コロンヌの指示によって、両端にいるアイリス隊とミラージ隊の上空援護に回っていた二つの班が中央に集中する。
崩れかけていた陣形が、崩壊一歩手前でなんとか踏みとどまる。
だが、そうすると今度は敵兵が中央から外側に広がっていき、手薄になった端の陣地に戦力が移動していく。
それを阻止しようと滑空しようにも、遠距離からの狙撃で狙い撃ちにされる。
「くっそ!! このままじゃマズいですよ、ミラージ隊長!! どうしますか!」
コロンヌが打つ手なし、と地上から放たれる光の雨を躱しながら隊長に問いかける。
その通信は地上にいるミラージのインカムに届く。
しかし、彼の目の前にはどうしよもないほどの帝国大軍の波が、今にもサセッタを飲み込もうとしていた。
「Oh gee、こっちもなかなかマズいよ~。
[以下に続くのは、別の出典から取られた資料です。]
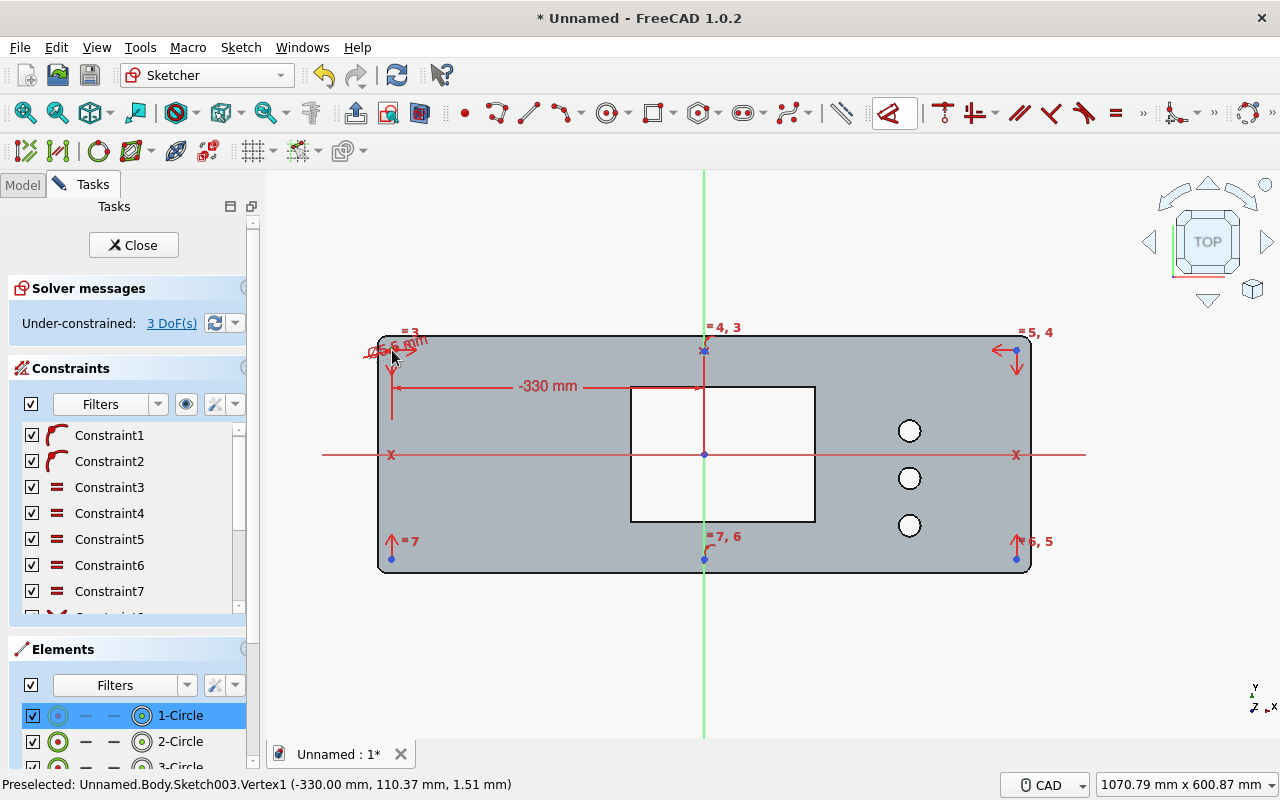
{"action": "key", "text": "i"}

敵が多すぎる」
ミラージが苦笑いを浮かべながら応答した。
「Shit、やはり上手くはいかないね~。Moment、行けると思ったんだけど」
事実、ミラージがそう思える程、少し前まではわずかだが優勢であったのだ。
正面の敵のレーザー銃が、身を隠している瓦礫を次々と撃ち抜いているところに、その隙を見て、隊員たちが手榴弾を帝国側に投げ込む。
黒煙と火の粉が天に舞うのと同時に、身体全体を硬化するセリアンスロープを筆頭に楔型陣形で突貫していく。
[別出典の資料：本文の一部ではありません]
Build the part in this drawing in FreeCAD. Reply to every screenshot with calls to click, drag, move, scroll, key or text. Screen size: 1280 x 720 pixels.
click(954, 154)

そこで超人的なパワーと未知の能力で帝国兵をなし崩しにしていた。
そこまではよかったのだ。だが、それも数分前の話だ。
人造人間兵の三分の一ほど殺し尽した辺りで、ミラージ隊の動きや能力が読まれ始め、今や防戦一方。
サセッタ相手に近接戦闘が不利と分かると、中・遠距離のレーザー小銃や狙撃銃を中心に戦い始めたのだ。
それに対して反撃するどころか陣形が崩れ始め、後ろへと引き下がらざるを得ない状況に陥っていた。
帝国兵は全体で二十万人、コールルイス隊が相手取っているだけでも五万人はいるだろう。
一万人程度の相手ならばどうとでもなっただろうが、単純に物量で競り負けているというのが最大の原因である。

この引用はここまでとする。